━━━━━ PROVIDED RECORDS

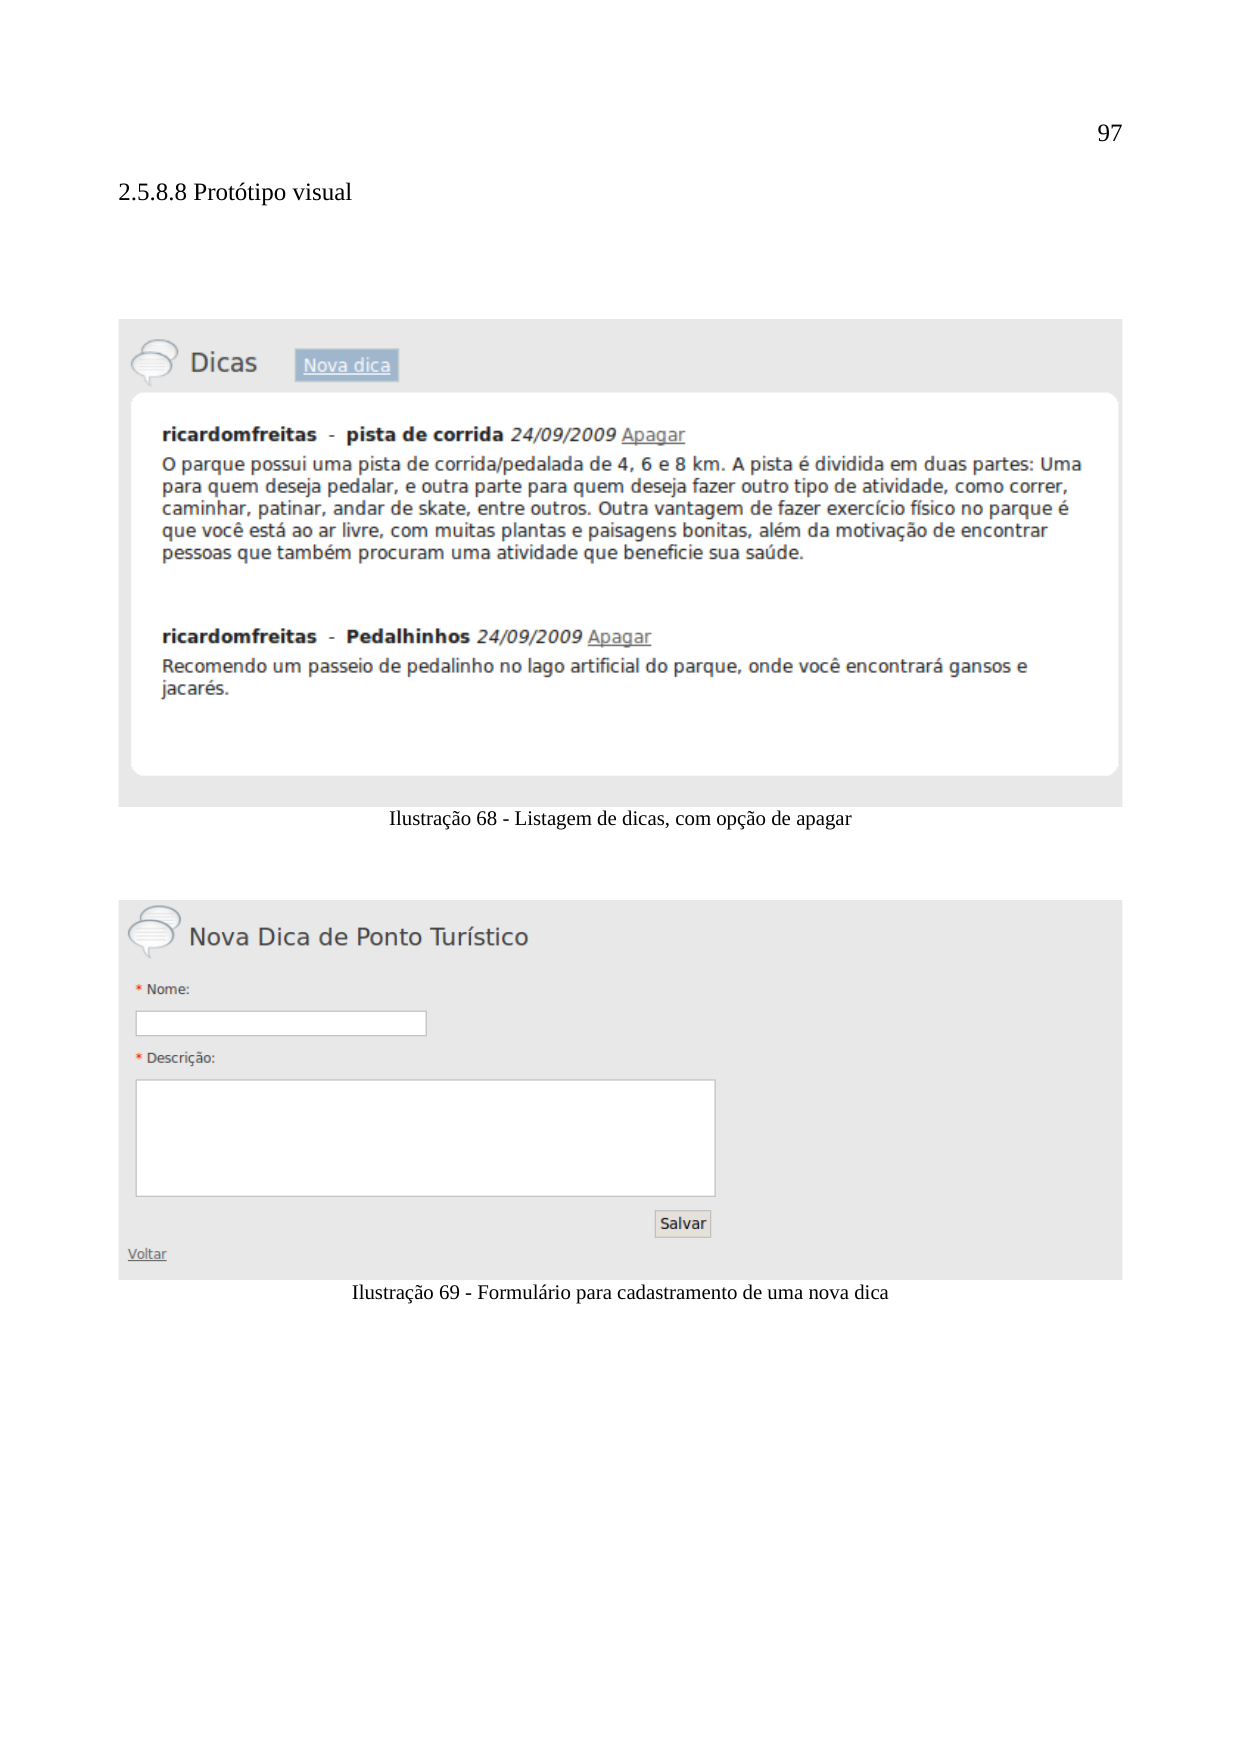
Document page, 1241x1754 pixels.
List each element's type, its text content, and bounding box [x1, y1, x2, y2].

text Ilustração 68 - Listagem de dicas, com opção de apagar [118, 807, 1122, 830]
picture [118, 319, 1123, 807]
subtitle Protótipo visual [118, 177, 1122, 206]
text Ilustração 69 - Formulário para cadastramento de uma nova dica [118, 1280, 1122, 1304]
picture [118, 900, 1123, 1280]

━━━━━━━━━━

EXERCISE:
Transcribe all of the records exactly, without reproducing their pictures.

SOLUTION:
Document page, 1241x1754 pixels.
List each element's type, its text content, and bounding box [x1, y1, x2, y2].

text Ilustração 68 - Listagem de dicas, com opção de apagar [118, 807, 1122, 830]
picture [118, 319, 1123, 807]
subtitle Protótipo visual [118, 177, 1122, 206]
text Ilustração 69 - Formulário para cadastramento de uma nova dica [118, 1280, 1122, 1304]
picture [118, 900, 1123, 1280]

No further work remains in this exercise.